Your assignment – From the entries below, pull out each line where "Ride" appears.

Information supplied –
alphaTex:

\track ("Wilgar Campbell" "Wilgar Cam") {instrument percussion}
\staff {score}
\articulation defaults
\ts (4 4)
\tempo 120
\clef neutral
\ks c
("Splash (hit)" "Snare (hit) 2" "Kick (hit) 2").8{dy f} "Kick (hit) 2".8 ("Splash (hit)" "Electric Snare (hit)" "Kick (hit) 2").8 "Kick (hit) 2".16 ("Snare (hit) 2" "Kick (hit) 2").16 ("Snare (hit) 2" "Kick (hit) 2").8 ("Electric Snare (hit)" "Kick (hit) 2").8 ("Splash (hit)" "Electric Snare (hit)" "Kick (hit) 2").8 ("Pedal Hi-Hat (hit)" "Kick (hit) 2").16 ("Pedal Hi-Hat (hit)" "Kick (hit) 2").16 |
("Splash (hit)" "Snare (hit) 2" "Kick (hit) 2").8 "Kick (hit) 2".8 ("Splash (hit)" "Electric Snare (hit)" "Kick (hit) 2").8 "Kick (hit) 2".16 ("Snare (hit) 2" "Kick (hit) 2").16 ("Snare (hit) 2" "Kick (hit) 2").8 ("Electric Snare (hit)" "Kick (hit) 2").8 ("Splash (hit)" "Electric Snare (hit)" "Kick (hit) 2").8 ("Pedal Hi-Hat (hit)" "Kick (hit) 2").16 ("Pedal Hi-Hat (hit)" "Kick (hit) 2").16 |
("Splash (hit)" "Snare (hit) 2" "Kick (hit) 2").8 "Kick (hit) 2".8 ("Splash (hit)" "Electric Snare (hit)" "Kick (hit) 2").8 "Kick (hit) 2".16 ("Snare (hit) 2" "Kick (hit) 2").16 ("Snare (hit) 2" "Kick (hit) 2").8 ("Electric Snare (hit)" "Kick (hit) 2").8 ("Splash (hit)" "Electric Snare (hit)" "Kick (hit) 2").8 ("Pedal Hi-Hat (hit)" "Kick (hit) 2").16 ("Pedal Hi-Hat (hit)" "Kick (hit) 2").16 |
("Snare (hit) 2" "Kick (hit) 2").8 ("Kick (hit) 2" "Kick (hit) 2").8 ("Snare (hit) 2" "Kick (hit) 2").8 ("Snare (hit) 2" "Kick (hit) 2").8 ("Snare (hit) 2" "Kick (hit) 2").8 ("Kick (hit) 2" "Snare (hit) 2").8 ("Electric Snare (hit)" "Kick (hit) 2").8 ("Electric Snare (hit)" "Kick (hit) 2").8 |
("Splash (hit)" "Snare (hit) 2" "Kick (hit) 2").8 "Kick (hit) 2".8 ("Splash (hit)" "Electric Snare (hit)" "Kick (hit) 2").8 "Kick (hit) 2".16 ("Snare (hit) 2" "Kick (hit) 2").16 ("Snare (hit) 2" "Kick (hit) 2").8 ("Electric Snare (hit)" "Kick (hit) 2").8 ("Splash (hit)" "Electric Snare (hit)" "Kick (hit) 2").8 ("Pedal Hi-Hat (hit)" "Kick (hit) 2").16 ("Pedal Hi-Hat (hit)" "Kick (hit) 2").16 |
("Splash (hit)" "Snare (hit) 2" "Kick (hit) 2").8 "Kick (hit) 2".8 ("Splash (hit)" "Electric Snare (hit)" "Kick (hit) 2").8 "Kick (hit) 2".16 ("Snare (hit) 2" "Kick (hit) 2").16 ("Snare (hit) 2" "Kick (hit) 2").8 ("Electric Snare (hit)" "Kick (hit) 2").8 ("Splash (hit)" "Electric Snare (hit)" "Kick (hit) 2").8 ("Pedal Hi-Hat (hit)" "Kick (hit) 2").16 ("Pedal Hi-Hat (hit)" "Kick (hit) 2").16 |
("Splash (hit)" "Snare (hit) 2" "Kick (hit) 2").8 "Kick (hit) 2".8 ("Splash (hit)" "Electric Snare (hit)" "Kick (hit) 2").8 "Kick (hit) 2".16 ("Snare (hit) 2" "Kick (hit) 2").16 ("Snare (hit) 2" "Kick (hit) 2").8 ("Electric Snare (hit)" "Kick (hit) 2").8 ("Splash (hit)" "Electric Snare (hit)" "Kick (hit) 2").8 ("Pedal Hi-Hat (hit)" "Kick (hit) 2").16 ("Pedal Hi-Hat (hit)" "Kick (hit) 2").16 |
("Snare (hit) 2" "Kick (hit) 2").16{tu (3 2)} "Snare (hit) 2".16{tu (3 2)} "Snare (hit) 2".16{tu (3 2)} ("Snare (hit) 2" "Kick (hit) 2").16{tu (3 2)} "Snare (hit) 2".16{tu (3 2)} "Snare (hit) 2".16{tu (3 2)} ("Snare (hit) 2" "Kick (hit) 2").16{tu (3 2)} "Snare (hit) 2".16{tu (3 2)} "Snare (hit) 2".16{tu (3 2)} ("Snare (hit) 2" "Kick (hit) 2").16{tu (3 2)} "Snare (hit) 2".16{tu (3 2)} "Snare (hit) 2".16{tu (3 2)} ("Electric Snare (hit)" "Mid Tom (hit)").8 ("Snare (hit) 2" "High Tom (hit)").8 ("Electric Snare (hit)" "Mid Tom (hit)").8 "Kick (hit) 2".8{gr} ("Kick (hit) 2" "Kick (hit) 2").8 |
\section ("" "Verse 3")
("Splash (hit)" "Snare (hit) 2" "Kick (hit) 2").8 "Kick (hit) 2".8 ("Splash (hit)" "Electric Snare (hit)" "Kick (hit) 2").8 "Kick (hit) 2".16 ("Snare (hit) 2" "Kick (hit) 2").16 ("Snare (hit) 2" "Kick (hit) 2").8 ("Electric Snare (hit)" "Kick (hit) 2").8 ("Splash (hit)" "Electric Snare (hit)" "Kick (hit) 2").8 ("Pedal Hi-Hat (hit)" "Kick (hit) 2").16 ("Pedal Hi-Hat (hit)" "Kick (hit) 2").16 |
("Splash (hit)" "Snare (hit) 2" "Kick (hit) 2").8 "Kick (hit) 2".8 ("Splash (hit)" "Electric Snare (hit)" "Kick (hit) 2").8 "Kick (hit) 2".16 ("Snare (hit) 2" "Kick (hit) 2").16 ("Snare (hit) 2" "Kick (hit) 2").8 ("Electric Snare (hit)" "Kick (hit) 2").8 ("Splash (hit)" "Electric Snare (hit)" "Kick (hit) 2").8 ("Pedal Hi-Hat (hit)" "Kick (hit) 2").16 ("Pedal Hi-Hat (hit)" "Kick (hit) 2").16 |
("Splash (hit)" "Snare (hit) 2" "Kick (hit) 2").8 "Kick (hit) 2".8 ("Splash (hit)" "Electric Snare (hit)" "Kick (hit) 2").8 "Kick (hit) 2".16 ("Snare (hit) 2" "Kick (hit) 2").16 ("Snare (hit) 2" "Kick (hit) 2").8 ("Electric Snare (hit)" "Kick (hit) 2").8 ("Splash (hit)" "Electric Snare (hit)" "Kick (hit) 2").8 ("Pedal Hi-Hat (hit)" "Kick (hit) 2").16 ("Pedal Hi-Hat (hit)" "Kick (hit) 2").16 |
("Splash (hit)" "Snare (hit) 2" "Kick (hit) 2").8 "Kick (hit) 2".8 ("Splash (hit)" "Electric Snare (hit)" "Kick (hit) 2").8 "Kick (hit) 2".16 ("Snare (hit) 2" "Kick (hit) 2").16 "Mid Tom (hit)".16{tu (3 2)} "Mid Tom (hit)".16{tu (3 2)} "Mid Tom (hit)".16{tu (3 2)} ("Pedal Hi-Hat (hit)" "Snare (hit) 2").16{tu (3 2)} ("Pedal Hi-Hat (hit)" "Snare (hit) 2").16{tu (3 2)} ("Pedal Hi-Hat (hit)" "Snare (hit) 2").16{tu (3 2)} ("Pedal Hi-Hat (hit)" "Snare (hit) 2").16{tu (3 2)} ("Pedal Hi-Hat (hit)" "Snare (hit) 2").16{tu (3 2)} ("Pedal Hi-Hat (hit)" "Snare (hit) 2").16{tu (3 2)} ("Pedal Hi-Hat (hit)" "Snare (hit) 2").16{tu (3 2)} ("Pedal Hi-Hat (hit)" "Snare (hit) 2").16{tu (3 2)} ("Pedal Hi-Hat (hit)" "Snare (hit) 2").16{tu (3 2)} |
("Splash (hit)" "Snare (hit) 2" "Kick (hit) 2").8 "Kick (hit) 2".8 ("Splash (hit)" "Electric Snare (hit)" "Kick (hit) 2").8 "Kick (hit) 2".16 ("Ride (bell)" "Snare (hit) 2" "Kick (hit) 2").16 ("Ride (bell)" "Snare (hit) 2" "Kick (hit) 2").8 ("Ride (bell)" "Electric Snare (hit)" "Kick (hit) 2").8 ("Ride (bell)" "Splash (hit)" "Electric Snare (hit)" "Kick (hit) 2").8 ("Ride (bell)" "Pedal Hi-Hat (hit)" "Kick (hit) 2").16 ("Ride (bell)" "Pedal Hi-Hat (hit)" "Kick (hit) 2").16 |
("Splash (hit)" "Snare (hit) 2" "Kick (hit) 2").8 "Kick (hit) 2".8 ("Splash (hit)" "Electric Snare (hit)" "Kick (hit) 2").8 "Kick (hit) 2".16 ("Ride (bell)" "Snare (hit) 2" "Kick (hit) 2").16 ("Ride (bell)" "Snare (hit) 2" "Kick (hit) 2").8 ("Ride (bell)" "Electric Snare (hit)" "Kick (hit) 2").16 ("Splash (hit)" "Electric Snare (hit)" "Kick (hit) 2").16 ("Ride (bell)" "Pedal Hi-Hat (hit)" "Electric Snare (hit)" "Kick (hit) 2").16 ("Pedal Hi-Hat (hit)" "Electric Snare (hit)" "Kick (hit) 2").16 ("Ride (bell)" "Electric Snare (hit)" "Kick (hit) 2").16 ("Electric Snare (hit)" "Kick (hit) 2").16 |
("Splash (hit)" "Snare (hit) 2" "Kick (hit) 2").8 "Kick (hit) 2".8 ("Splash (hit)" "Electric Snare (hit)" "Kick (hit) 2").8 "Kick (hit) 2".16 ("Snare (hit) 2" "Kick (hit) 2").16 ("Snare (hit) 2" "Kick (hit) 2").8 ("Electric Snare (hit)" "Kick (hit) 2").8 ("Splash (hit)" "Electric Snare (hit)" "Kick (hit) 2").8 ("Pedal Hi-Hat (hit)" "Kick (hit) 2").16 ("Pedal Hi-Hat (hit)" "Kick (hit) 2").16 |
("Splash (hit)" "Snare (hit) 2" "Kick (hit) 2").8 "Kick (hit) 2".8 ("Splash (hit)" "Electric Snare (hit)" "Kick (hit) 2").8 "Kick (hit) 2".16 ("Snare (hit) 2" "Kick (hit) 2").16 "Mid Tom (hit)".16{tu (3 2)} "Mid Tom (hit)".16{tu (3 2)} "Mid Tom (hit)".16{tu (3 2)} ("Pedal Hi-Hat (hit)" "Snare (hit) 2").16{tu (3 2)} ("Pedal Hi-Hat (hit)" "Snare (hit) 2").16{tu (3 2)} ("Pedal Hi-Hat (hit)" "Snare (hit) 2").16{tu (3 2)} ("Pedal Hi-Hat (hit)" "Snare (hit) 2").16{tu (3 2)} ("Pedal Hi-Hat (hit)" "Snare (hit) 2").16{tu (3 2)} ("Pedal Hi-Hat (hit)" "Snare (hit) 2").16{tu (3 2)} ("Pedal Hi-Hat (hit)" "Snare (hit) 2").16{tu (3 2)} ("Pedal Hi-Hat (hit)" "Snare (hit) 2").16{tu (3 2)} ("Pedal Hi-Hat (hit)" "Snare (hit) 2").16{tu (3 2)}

Response area –
("Splash (hit)" "Snare (hit) 2" "Kick (hit) 2").8 "Kick (hit) 2".8 ("Splash (hit)" "Electric Snare (hit)" "Kick (hit) 2").8 "Kick (hit) 2".16 ("Ride (bell)" "Snare (hit) 2" "Kick (hit) 2").16 ("Ride (bell)" "Snare (hit) 2" "Kick (hit) 2").8 ("Ride (bell)" "Electric Snare (hit)" "Kick (hit) 2").8 ("Ride (bell)" "Splash (hit)" "Electric Snare (hit)" "Kick (hit) 2").8 ("Ride (bell)" "Pedal Hi-Hat (hit)" "Kick (hit) 2").16 ("Ride (bell)" "Pedal Hi-Hat (hit)" "Kick (hit) 2").16 |
("Splash (hit)" "Snare (hit) 2" "Kick (hit) 2").8 "Kick (hit) 2".8 ("Splash (hit)" "Electric Snare (hit)" "Kick (hit) 2").8 "Kick (hit) 2".16 ("Ride (bell)" "Snare (hit) 2" "Kick (hit) 2").16 ("Ride (bell)" "Snare (hit) 2" "Kick (hit) 2").8 ("Ride (bell)" "Electric Snare (hit)" "Kick (hit) 2").16 ("Splash (hit)" "Electric Snare (hit)" "Kick (hit) 2").16 ("Ride (bell)" "Pedal Hi-Hat (hit)" "Electric Snare (hit)" "Kick (hit) 2").16 ("Pedal Hi-Hat (hit)" "Electric Snare (hit)" "Kick (hit) 2").16 ("Ride (bell)" "Electric Snare (hit)" "Kick (hit) 2").16 ("Electric Snare (hit)" "Kick (hit) 2").16 |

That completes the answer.